At U.S.$50,000 per year per indexer, which is quite modest for a highly intense round-the-clock job like this, plus $100,000 for me as manager, I could probably put together a bid of about $350,000/year to get the job done. Given how many billions of dollars are spent or exchanged over the Internet today, that seems quite reasonable, too. Heck, I should triple the whole thing, since we'd have to re-index the old sites every once in a while. Maybe I should double it again, too, so we'd be allowed to use eight keywords instead of four.
So let's see, that brings the total bill to to $2.1 million. Gosh, that isn't bad at all, is it? I mean, we all agree that indexing the Internet is at least a two-million-dollar-per-year business, right?

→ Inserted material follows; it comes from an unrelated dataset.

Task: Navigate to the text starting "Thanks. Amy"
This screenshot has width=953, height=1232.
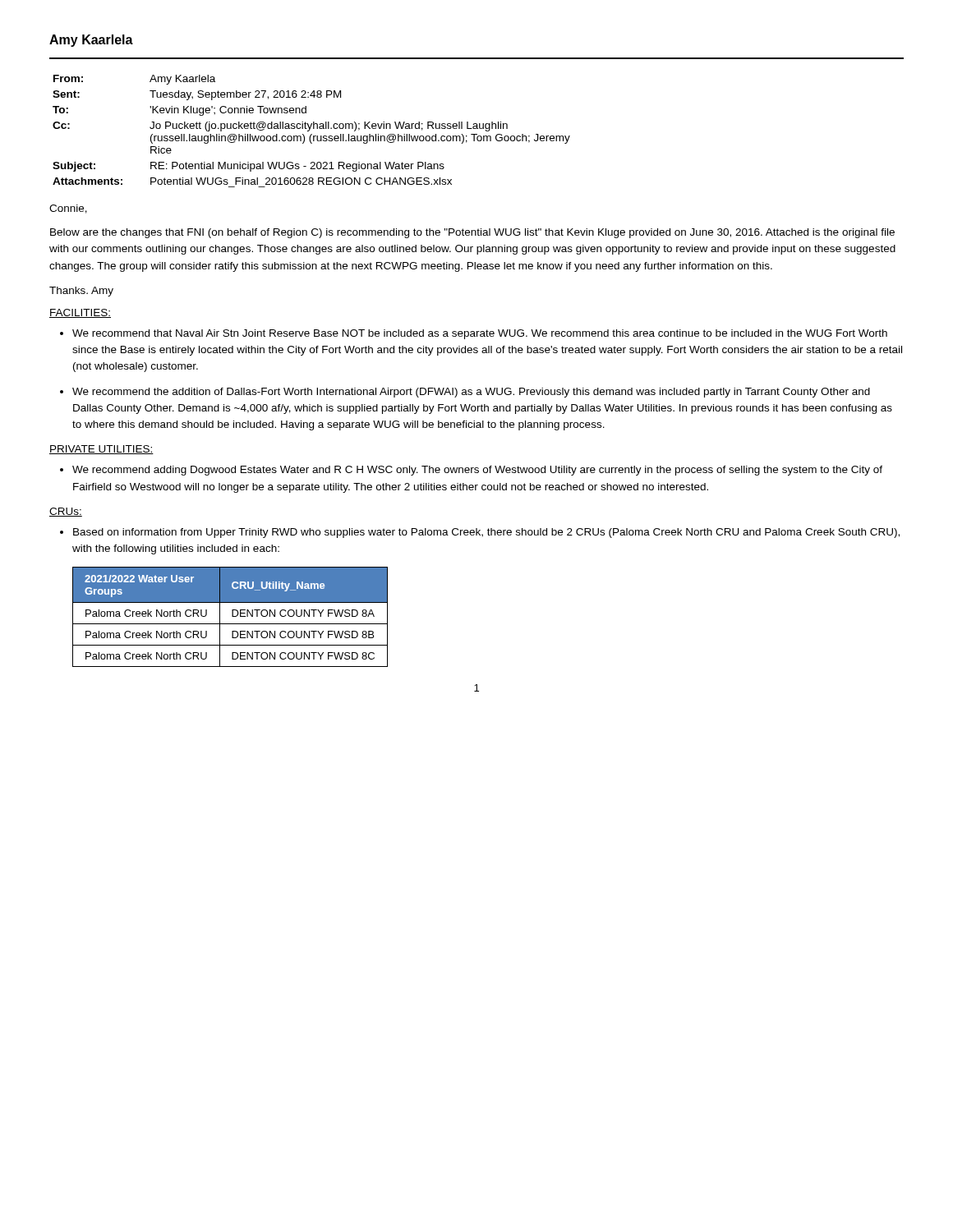Action: (81, 290)

Except it's not. Indexing the Internet is a zero-dollar-per-year business. No one is doing it. Just about no one seems to care about quality keywords. In fact, there are only two industries that exist around keyword creation. One of them is misnamed "search optimization," which is about spamming the heck out of the Web. Optimize, I think not: this is the opposite of the intelligent product my team would be build. The other business is the search business itself, companies springing up around those fancy algorithms that Google, Yahoo, Lycos, Ask Jeeves, and the rest use. The thing is, those algorithms are just word-matching machines. These engines are looking for keywords, but none of them is actually writing any. So you see, no one with indexing training is writing any keywords. The inexpensive market for human indexers is being completely overlooked.
Guess it's not worth the two million.
Labels: indexing process, keywording, search engines, spamming and similar behaviors, web indexing
18 December 2006
"Can I Delete All My ___ Entries in MS Word?"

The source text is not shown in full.